[Stored records]
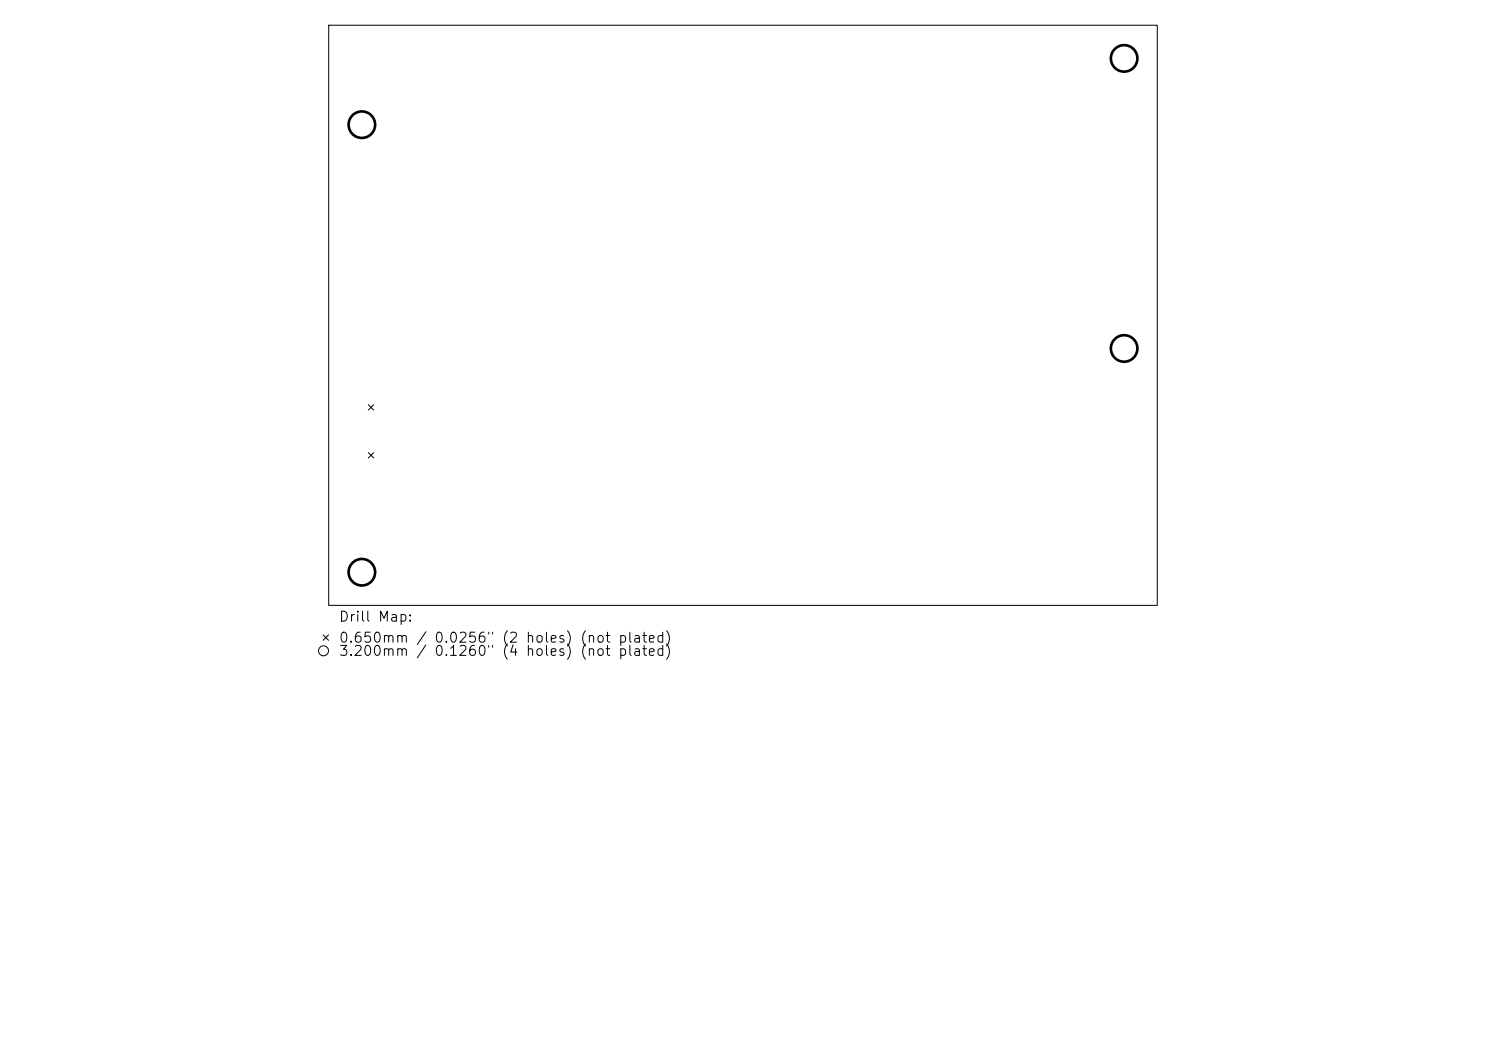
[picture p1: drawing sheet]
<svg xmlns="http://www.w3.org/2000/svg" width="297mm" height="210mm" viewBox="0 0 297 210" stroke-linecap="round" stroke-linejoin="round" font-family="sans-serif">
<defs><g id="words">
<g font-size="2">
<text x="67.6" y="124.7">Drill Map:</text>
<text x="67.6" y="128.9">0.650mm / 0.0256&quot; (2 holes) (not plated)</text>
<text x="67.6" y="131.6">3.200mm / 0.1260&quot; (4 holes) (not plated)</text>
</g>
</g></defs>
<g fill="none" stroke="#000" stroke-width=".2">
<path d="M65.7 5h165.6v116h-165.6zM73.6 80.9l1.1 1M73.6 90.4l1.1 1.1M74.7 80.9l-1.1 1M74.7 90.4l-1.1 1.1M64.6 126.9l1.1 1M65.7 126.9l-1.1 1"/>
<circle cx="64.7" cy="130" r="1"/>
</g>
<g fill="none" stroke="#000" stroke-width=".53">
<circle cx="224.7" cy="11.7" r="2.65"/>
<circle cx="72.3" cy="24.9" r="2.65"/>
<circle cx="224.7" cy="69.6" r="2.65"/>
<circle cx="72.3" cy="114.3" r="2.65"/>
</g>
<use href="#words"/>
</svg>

### WORK REQUIRED
When you copy the records above, keep every word exact and leave out the pictures they contain.

### SOLUTION FOR THIS EXERCISE
[picture p1: drawing sheet]
<svg xmlns="http://www.w3.org/2000/svg" width="297mm" height="210mm" viewBox="0 0 297 210" stroke-linecap="round" stroke-linejoin="round" font-family="sans-serif">
<defs><g id="words">
<g font-size="2">
<text x="67.6" y="124.7">Drill Map:</text>
<text x="67.6" y="128.9">0.650mm / 0.0256&quot; (2 holes) (not plated)</text>
<text x="67.6" y="131.6">3.200mm / 0.1260&quot; (4 holes) (not plated)</text>
</g>
</g></defs>
<g fill="none" stroke="#000" stroke-width=".2">
<path d="M65.7 5h165.6v116h-165.6zM73.6 80.9l1.1 1M73.6 90.4l1.1 1.1M74.7 80.9l-1.1 1M74.7 90.4l-1.1 1.1M64.6 126.9l1.1 1M65.7 126.9l-1.1 1"/>
<circle cx="64.7" cy="130" r="1"/>
</g>
<g fill="none" stroke="#000" stroke-width=".53">
<circle cx="224.7" cy="11.7" r="2.65"/>
<circle cx="72.3" cy="24.9" r="2.65"/>
<circle cx="224.7" cy="69.6" r="2.65"/>
<circle cx="72.3" cy="114.3" r="2.65"/>
</g>
<use href="#words"/>
</svg>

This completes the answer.